The context clustering has been with us as long as triphones have been, as a solution to the data scarcity. Initially, hand-marked properties used to be assigned to phones, and the trees were built by hand based on linguistic features (e.g., intervocalic /t/ surfaces as an unvoiced [ɾ] or voiced [ɽ] (a.k.a [ᴅ], a.k.a. [dx]) flap. This all made sense, but around 1990 it was found that clustering tree methods provide a better result that a hand-constructed or rule-constructed tree (or combination of both); I think one of the first papers here is (Randolph 1990, doi:10.1109/ICASSP.1990.116176). It is notable that Randolph still uses linguistic features that cover a longer range than the n-gram width itself; for example, one that is considered linguistically useful is whether an unvoiced stop begins the onset of a stressed syllable, which is a well-known and strong predictor of aspirated release.

So far, it all makes sense, linguistically; speaking of the /t/ alone, reading (Eddington 2007 doi:10.1515/COG.2007.002) with his quantitative approach reveals how daunting the problem of hand-assignment and/or rule induction really is. Augmenting linguistic knowledge with ML (or augmenting ML with linguistic knowledge, if you prefer) makes total sense. Everything makes sense up to this point.

I do not know at what point in time linguistic markers during tree clustering came out of use; but the later HMM-GMM mixture systems clustered CD context based only on neighboring phone identities (and, as Kaldi does, the HMM position). This is linguistically interesting; for one, the information on the phone being the starter in the onset of a stressed syllable is partially preserved (in “tap”) and partially lost (in “trap”, where the  /'a/ is outside of the /t/ context window).

The question that has bothered me is why discarding even more context information improves the performance of a DNN ASR stack.
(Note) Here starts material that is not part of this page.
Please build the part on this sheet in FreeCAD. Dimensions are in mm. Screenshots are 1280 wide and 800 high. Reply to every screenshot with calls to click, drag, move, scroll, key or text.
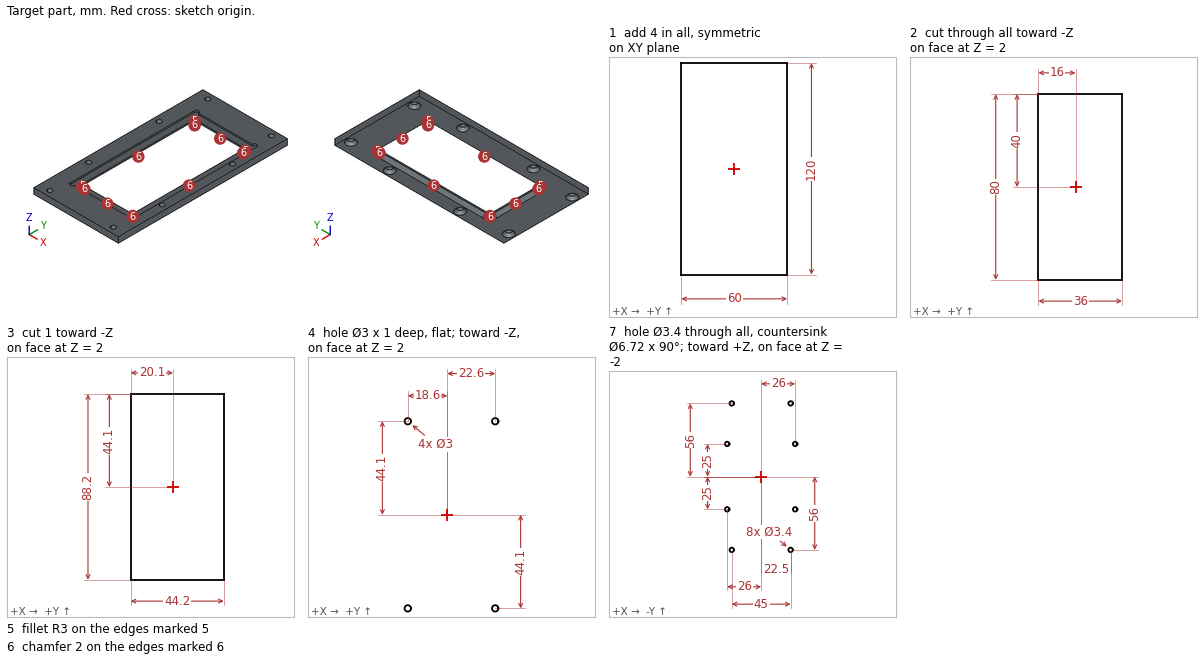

Some information is indeed preserved (e. g. vowels after a nasal are nearly invariably nasalized, and the phoneme preceding a vowel is in the left context), but the above example with ±aspiration is no longer inferrable from the tree (it was in the right context somewhere, which had been discarded).

At the same time, clustering itself loses certain amount information. If we cluster contexts XaY and XbY, we lose some distinction between the processes of surfacing of the a and b. The information loss grows with the N-phone context size as the power of N. Now, this suggests an easy (and likely wrong) explanation that the DNN inferencing power is so great that discarding information from its training examples stiffles it, and 3-clustering discards more than it retains. A quick counterexample, naturally, is that going one step further and switching from biphones to monophones (which, with the trivial tree, avoids clustering at all and therefore discards no information) not only does not improve the performance, but makes it worse (as a hearsay mostly from conversations on this list; not an amazingly publishable result in itself, after all--like “huh, whad'ya expect?"). But yeah, I expected the trend to continue, as DNNs are indeed immensely powerful in both compressing information and generalizing off it--but it did not.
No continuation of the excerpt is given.